> _REQUIREMENT_
Starting with the line that contains "Assign an oriented" and stopping after the line that contains "name at (x, y, z)", copy the entries below exactly. Include nothing else.

> _EXCERPTED RECORDS_

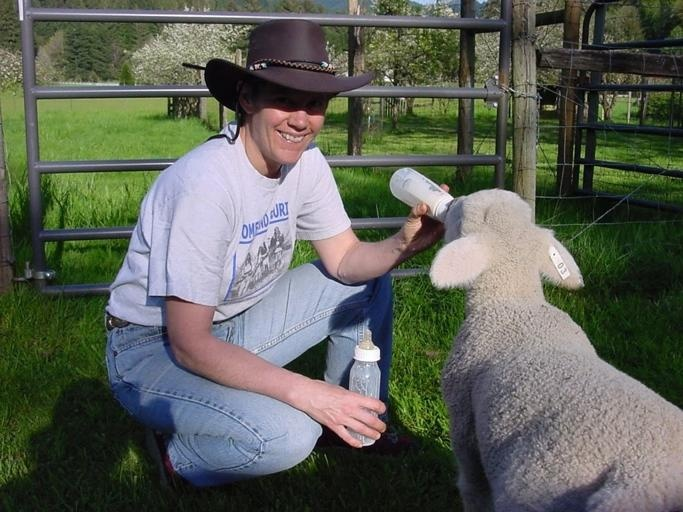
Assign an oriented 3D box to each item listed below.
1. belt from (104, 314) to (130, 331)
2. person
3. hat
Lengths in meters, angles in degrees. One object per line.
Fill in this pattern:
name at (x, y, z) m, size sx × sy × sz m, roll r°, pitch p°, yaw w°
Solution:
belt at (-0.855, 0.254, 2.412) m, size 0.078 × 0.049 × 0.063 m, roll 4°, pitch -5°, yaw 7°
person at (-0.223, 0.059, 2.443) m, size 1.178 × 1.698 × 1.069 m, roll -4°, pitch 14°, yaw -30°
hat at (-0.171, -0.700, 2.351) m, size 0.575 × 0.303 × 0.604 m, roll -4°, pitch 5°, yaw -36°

* * *

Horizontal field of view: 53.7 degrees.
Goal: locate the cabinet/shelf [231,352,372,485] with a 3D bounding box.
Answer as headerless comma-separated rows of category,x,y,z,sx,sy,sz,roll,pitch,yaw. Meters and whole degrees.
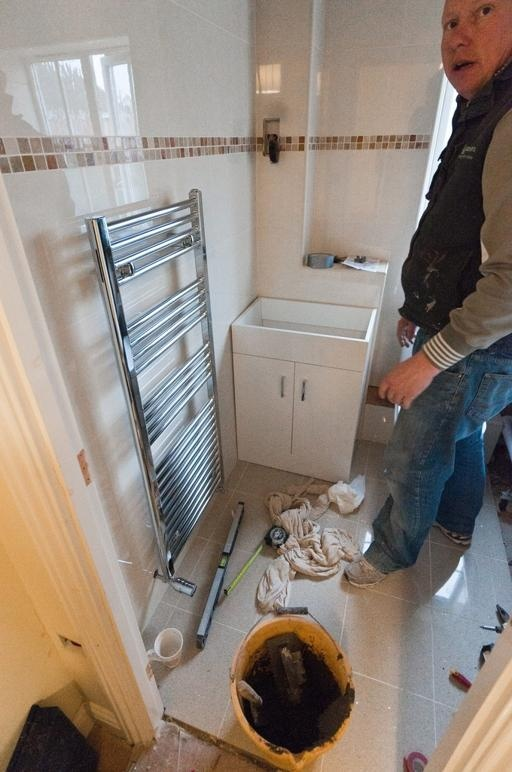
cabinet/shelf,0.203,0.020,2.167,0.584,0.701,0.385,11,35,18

> _YOUR RESPONSE_
Assign an oriented 3D box to each item listed below.
1. belt from (104, 314) to (130, 331)
2. person
3. hat
Lengths in meters, angles in degrees. One object per line.
Fill in this pattern:
name at (x, y, z) m, size sx × sy × sz m, roll r°, pitch p°, yaw w°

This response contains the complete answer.